COMPARING DIFFERENT MACHINE LEARNING OPTIONS TO MAP BARK BEETLE INFESTATIONS IN REPUBLIC OF CROATIA
This paper presents different approaches to map bark beetle infested forests in Croatia. Bark beetle infestation presents threat to forest ecosystems and due to large unapproachable area presents difficulties in mapping infested areas. This paper will analyse available machine learning options in open-source software such as QGIS and SAGA GIS. All options will be performed on Copernicus data, Sentinel 2 satellite imagery. Machine learning and classification options that will be explored are maximum likelihood classifier, minimum distance, artificial neural network, decision tree, K Nearest Neighbour, random forest, support vector machine, spectral angle mapper and Normal Bayes. Maximum likelihood algorithm is considered the most accurate classification scheme with high precision and accuracy, and because of that it is widely used for classifying remotely sensed data.
Maximum likelihood classification is method for determining a known class of distributions as the maximum for a given statistic. An assumption of normality is made for the training samples. During classifications all unclassified pixels are assigned to each class based on relative probability (likelihood) of that pixel occurring within each category’s probability density function.
Minimum distance classification is probably the oldest and simplest approach to pattern recognition, namely template matching. In a template matching we choose class or pattern to be recognized, such as healthy vegetation. Unknown pattern is then classified into the pattern class whose template fits best the unknown pattern. Unknown distribution is classified into the class whose distribution function is nearest (minimum distance) to the unknown distribution in terms of some predetermined distance measure.
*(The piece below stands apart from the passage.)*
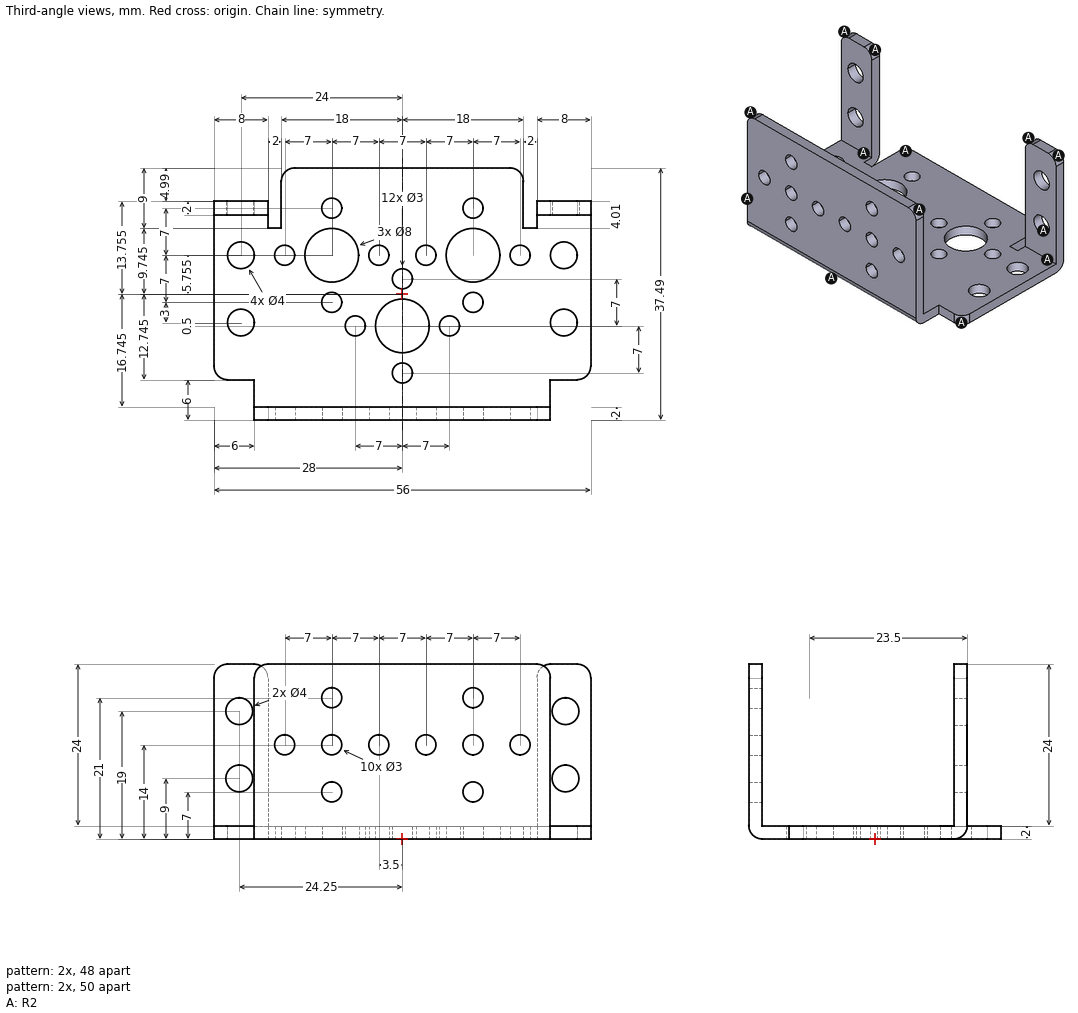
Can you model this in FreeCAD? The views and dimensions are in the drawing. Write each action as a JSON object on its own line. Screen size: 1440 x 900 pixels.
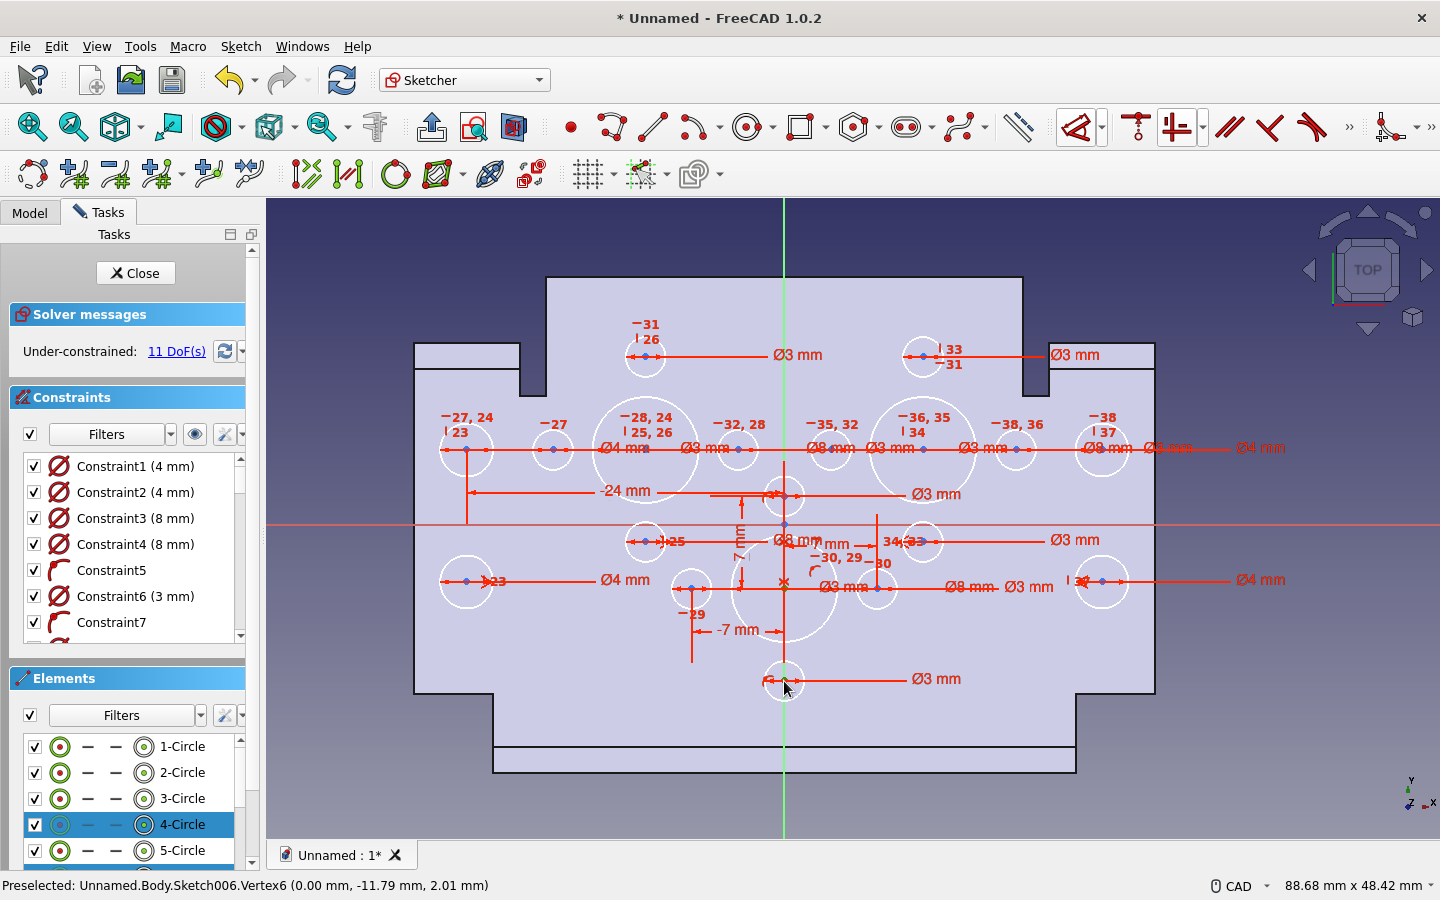
{"action": "left_click", "coordinate": [1102, 128]}

A decision tree is a decision support tool that uses a decision tree model and its possible consequences, including the outcomes of random events, resource costs, and benefits. It's a way of representing an algorithm that contains only conditional control statements. Decision trees are commonly used in operations research, particularly in decision analysis to identify the strategy most likely to achieve a goal, but they are also a popular tool in machine learning.
K Nearest Neighbour is a simple algorithm that stores all the available cases and classifies the new data or case based on a similarity measure. It is mostly used to classifies a data point based on how its neighbours are classified.
Random forests or random decision forests is an ensemble learning method for classification, regression and other tasks that operates by constructing a multitude of decision trees at training time. For classification tasks, the output of the random forest is the class selected by most trees. For regression tasks, the mean or average prediction of the individual trees is returned.
Support vector machines (SVM) are supervised learning models with associated learning algorithms that analyse data for classification and regression analysis. SVMs are one of the most robust prediction methods, being based on statistical learning frameworks. Given a set of training examples, each marked as belonging to one of two categories, a SVM training algorithm builds a model that assigns new examples to one category or the other, making it a non-probabilistic binary linear classifier.
Spectral image mapper is a spectral classifier that can determine spectral similarity between image spectra and reference spectra by calculating the angle between the spectra, treating them as vectors in a space with dimensionality equal to the number of bands used each time. Small angles between the two spectrums indicate high similarity, and high angles indicate low similarity.
Bayesian networks (normal Bayes) are a type of probabilistic graphical model that uses Bayesian inference to calculate probability. Bayesian networks aim to model condition dependence by representing conditional dependence by edges in directed graph. Bayesian networks are designed for taking an event that occurred and predicting the likelihood that any one of possible known causes was a factor.
Copernicus, also known as Global Monitoring for Environment and Security (GMES) is a European program for the establishment of European capacity for Earth observation. European Space Agency is developing satellite missions called Sentinels where every mission is based on constellation of two satellites. Main objective of Sentinel-2 mission is land monitoring and it is performed using multispectral instrument. Sentinel-2 mission is active since 2015. Sentinel-2 mission carries multispectral imager (MSI) covering 13 spectral bands. Sentinel 2 mission produces two main products, level-1C and level-2A. Level-1C products are tiles with radiometric and geometric correction applied. Geometric correction includes orthorectification. Level-1C products are projected combining UTM projection and WGS84 ellipsoid. Level-2A products are considered as the mission Analysis Ready Data.
Each method is evaluated with error matrix and each method is compared to each other. A confusion matrix, also known as an error matrix, is a specific table layout that allows visualization of the performance of an algorithm, typically a supervised learning one (in unsupervised learning it is usually called a matching matrix). Each row of the matrix represents the instances in an actual class while each column represents the instances in a predicted class, or vice versa – both variants are found in the literature. The name stems from the fact that it makes it easy to see whether the system is confusing two classes. Each error matrix contains Kappa value. Kappa coefficient is a statistic that is used to measure inter-rater reliability for qualitative (categorical) items. It is generally thought to be a more robust measure than simple percent agreement calculation, as κ considers the possibility of the agreement occurring by chance.
All analyses are performed on data located in Republic of Croatia, Primorsko-goranska county.